Déportation en Chine de 1’500 enfants
Hong Kong: Entraves chinoises pour 100’000 familles brisées
Des œuvres d’entraide se battent contre des jugements iniques
Hong Kong, 19 octobre 1998 (APIC) Une partie de leurs membres à Hong Kong, l’autre en Chine, quelque 100’000 familles vivent le calvaire de la séparation. Corrompue, la bureaucratie chinoise entrave les regroupements familiaux. Pire, le gouvernement de Hong Kong a décidé d’expulser en Chine 1’500 enfants nés de pères hongkongais. Partenaire de l’Entraide protestante suisse (EPER), et soutenue par Pain pour le prochain, la Société pour l’organisation communautaire (SoCO) organise «la résistance».

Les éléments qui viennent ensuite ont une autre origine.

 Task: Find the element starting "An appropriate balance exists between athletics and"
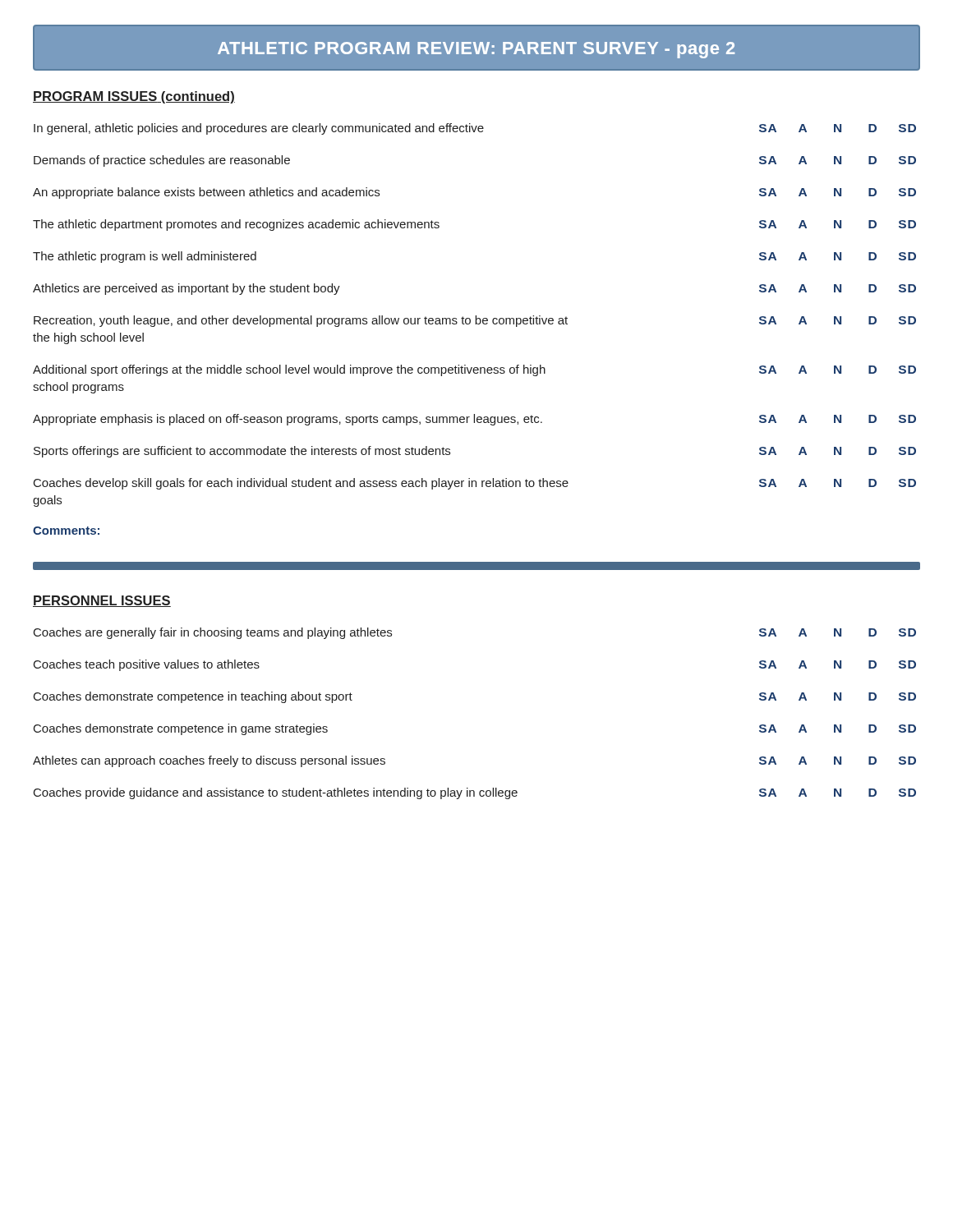201,192

Dans son taudis de 40m2 sur un toit-terrasse où s’entassent quelques familles pauvres, Hui Chi-ming et ses quatre enfants âgés de six à quatorze ans respirent. L’année dernière, grâce notamment au combat de la SoCO, sa famille était enfin réunie. Mais il a fallu attendre 15 ans pour que sa femme, épousée en 1982 à Canton, puisse enfin le rejoindre; jusque-là. Pour d’obscures raisons, la bureaucratie chinoise faisait barrage. Seuls les enfants, conçus lors de brèves visites en Chine, avaient pu émigrer à la fin 1995. «Cela s’est décidé d’un coup, déclare Hui Chi-ming. On a donné dix jours à mes enfants pour faire leurs bagages. Mais on n’a pas autorisé leur mère à les suivre».

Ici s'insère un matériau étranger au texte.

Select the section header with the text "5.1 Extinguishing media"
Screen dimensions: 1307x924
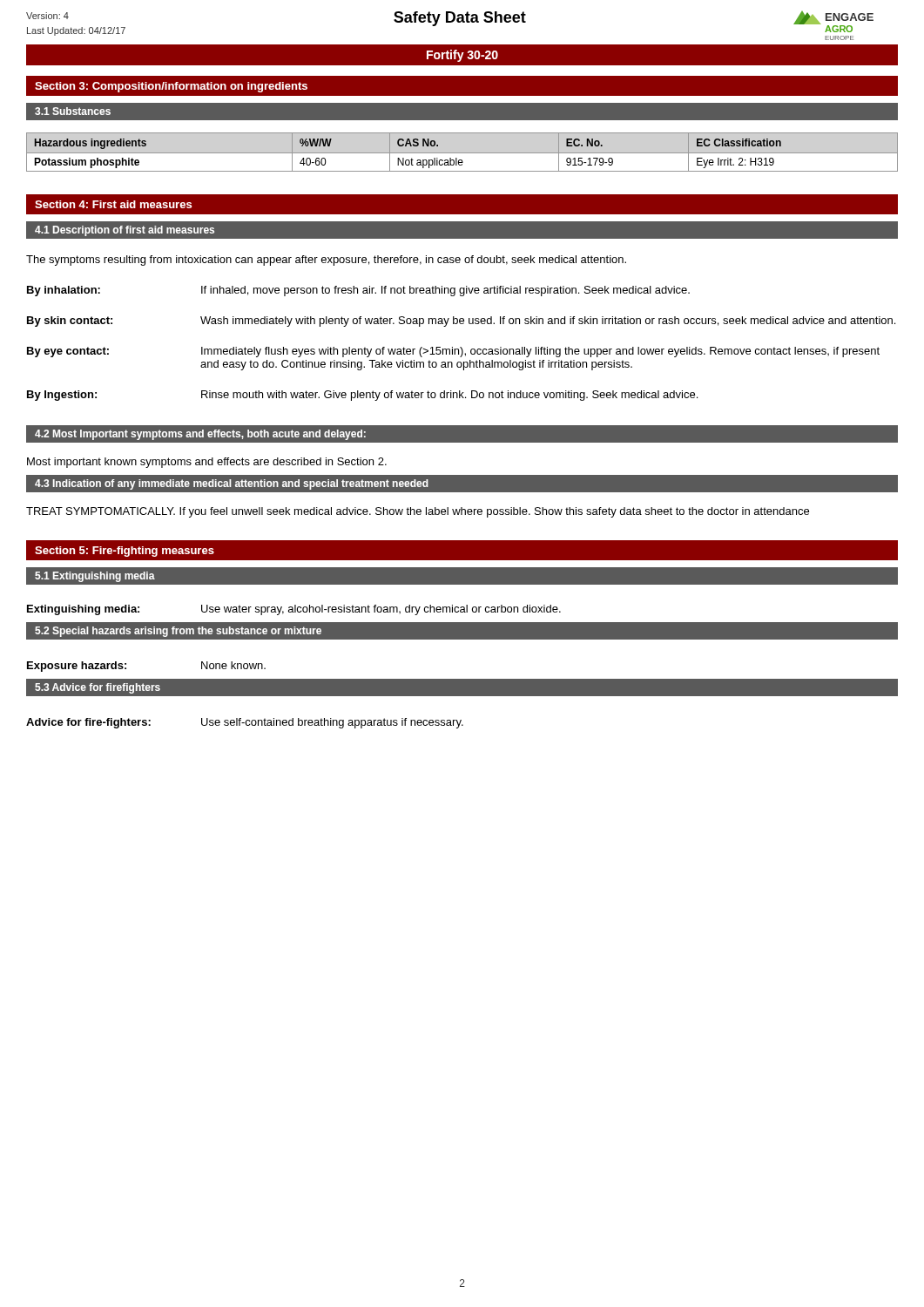95,576

Résultat: comme beaucoup d’autres pères dans sa situation, Hui Chi-ming a dû quitter son travail pour pouvoir s’occuper de ses enfants. Ayant vite épuisé ses maigres ressources, la famille s’est retrouvée à l’assistance publique. Ce qui a provoqué honte, anxiété et culpabilité chez les enfants, déjà perturbés par l’absence de leur mère. Aujourd’hui, avec l’arrivée de celle-ci, les enfants vont mieux. Le père a pu retrouver un boulot. L’espoir renaît.
Un calvaire pour 100’000 familles
Si le calvaire des Hui a heureusement pris fin, il n’en va pas de même pour tous. A Hong Kong, quelque 100’000 familles continuent à souffrir de séparation. «Le fruit d’une politique aberrante qui viole les conventions de l’ONU sur les droits de l’enfant, déclare Ho Hei-wah, directeur de la SoCO. Concrètement, le gouvernement chinois accorde des permis d’émigration selon un système de quotas injuste et arbitraire dans son application. De fait, les autorités chinoises traitent les cas sur une base individuelle et non familiale. Il y a une file d’attente pour les mères et une autre pour les enfants. Un enfant pourra donc recevoir un permis, mais pas sa mère, ou inversement. Les déchirements familiaux sont donc programmés».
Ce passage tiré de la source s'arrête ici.